WORK ITEM:
Within the records below, filter for lines carrying the word "light" and copy them.

[Records excerpted from a collection]
○ ○ ○ ○
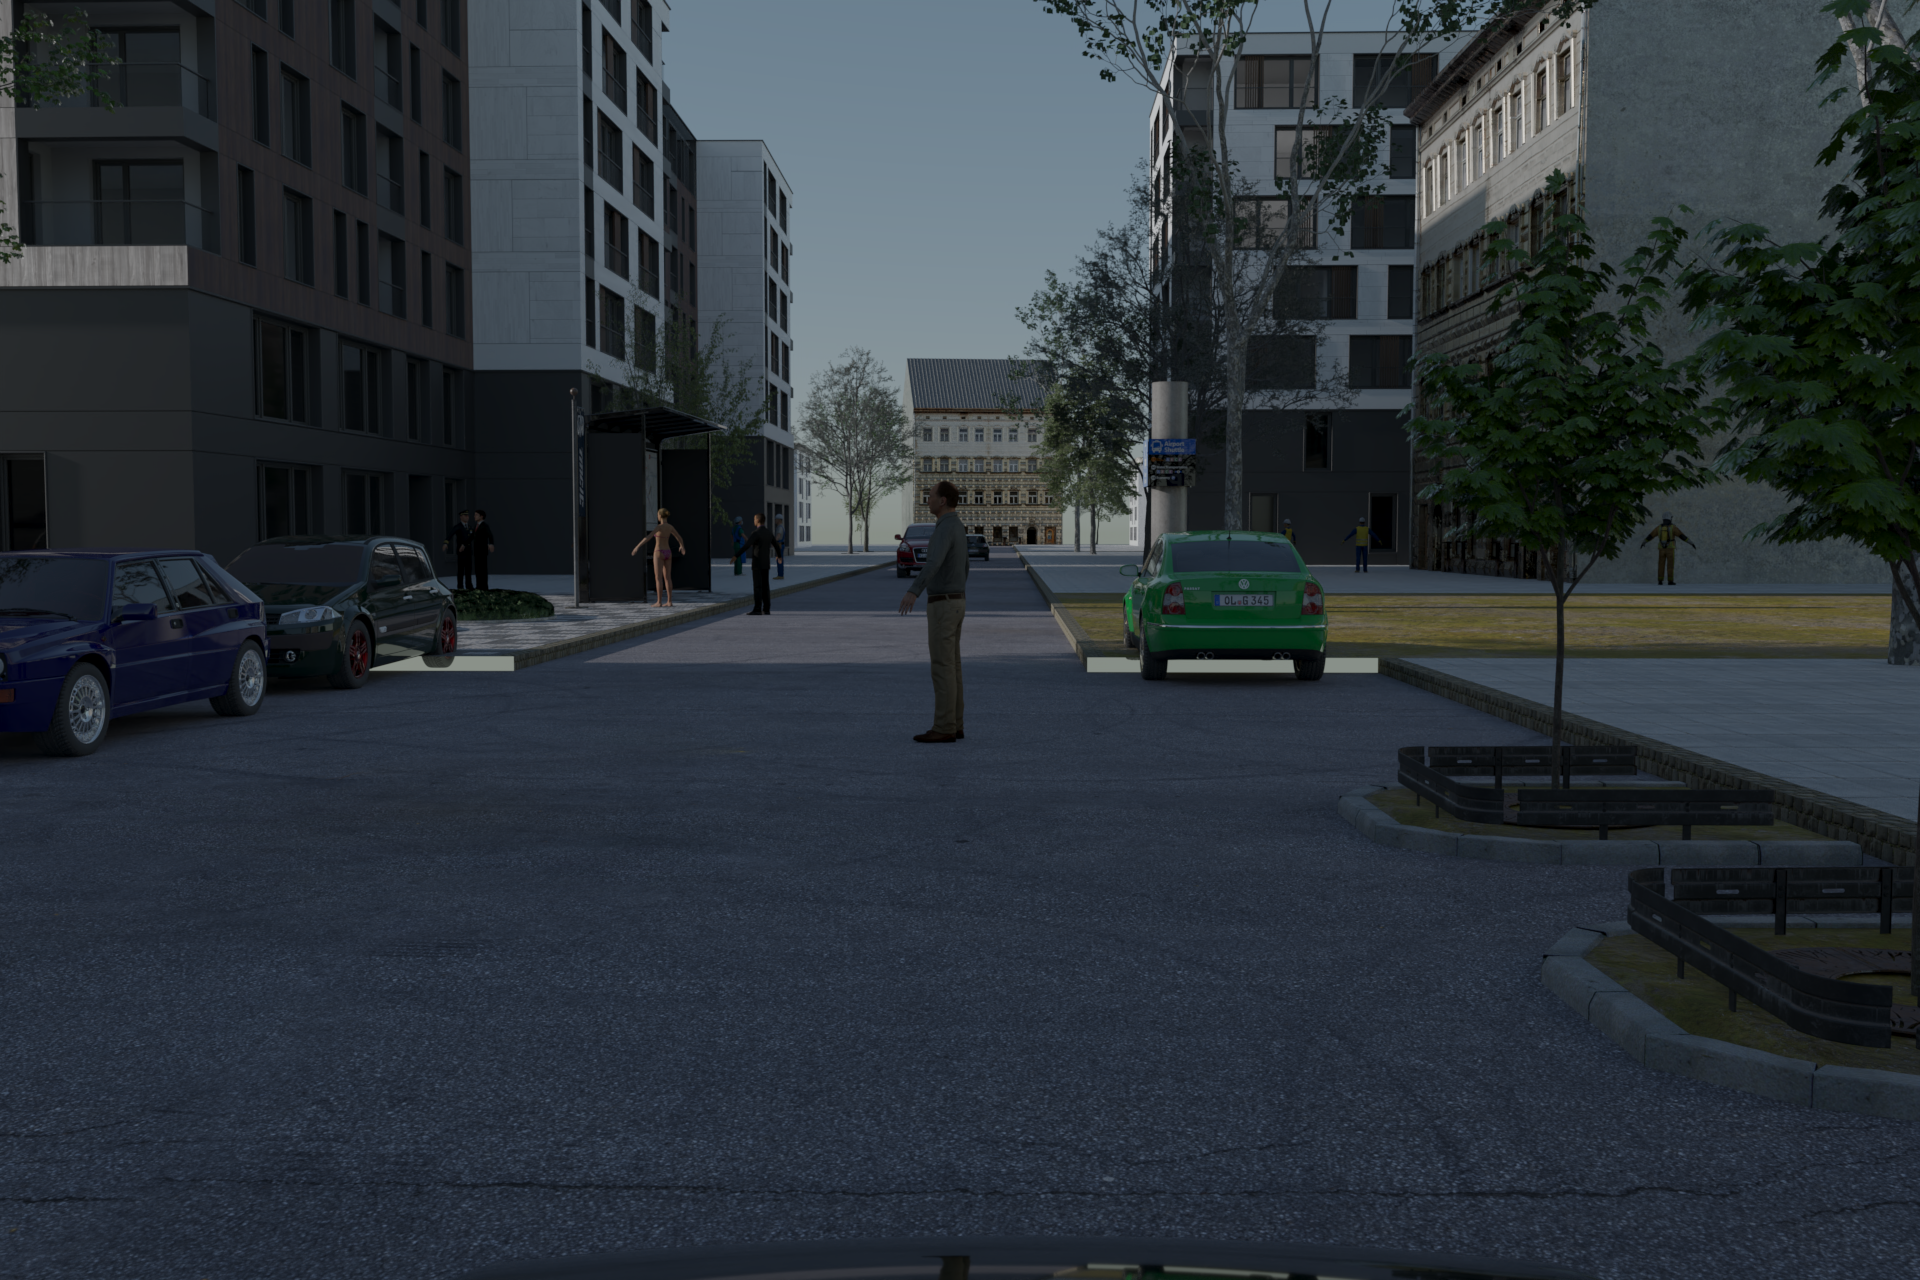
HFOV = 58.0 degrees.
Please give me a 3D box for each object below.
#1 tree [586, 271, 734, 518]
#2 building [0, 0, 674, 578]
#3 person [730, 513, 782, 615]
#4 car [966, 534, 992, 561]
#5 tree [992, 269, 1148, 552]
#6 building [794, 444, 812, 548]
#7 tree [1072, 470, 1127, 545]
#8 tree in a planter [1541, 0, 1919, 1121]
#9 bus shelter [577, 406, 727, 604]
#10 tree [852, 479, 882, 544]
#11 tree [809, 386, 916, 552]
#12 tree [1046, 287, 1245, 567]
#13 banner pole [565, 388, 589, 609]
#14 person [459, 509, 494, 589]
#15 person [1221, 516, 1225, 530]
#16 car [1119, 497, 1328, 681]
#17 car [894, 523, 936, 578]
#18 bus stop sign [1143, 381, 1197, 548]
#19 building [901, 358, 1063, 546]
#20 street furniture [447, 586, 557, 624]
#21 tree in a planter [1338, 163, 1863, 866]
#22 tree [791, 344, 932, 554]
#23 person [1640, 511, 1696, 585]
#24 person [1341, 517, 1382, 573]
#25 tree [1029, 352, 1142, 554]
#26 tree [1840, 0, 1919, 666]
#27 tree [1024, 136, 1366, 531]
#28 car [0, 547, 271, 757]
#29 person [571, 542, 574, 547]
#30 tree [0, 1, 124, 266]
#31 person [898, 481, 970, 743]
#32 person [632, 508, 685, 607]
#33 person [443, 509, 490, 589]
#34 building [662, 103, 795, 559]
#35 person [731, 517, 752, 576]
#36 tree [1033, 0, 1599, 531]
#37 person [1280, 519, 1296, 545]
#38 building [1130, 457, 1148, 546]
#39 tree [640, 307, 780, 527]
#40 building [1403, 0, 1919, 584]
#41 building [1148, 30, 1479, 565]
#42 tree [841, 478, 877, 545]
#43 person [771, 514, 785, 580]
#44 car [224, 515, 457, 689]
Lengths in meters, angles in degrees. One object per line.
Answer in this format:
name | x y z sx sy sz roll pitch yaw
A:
○ ○ ○ ○
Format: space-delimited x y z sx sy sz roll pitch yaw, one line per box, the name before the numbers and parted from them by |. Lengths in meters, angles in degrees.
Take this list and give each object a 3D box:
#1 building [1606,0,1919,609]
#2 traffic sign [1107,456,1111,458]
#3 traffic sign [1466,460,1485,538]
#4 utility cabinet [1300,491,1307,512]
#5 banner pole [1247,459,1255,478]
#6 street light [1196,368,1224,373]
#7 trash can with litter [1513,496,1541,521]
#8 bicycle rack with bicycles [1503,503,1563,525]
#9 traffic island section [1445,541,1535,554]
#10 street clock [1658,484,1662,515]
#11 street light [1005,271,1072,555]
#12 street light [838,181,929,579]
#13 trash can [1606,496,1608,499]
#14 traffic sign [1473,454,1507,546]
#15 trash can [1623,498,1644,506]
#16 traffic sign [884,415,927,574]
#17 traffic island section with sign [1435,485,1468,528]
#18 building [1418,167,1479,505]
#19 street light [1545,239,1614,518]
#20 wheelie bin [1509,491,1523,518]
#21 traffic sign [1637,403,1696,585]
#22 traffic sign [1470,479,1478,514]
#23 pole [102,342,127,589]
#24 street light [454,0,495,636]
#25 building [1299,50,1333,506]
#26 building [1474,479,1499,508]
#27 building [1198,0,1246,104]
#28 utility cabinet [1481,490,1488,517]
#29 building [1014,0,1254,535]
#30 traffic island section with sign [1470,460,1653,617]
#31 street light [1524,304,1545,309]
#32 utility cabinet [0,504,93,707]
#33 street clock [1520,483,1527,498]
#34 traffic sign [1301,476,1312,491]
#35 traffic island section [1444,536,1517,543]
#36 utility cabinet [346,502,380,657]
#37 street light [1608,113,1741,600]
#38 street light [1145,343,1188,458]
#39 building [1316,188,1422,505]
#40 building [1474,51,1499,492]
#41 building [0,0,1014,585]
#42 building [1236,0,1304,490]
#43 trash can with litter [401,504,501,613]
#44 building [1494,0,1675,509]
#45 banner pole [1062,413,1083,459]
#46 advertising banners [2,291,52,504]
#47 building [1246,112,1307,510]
○ ○ ○ ○
WRITTEN SOLUTION:
#6 street light [1196,368,1224,373]
#11 street light [1005,271,1072,555]
#12 street light [838,181,929,579]
#19 street light [1545,239,1614,518]
#24 street light [454,0,495,636]
#31 street light [1524,304,1545,309]
#37 street light [1608,113,1741,600]
#38 street light [1145,343,1188,458]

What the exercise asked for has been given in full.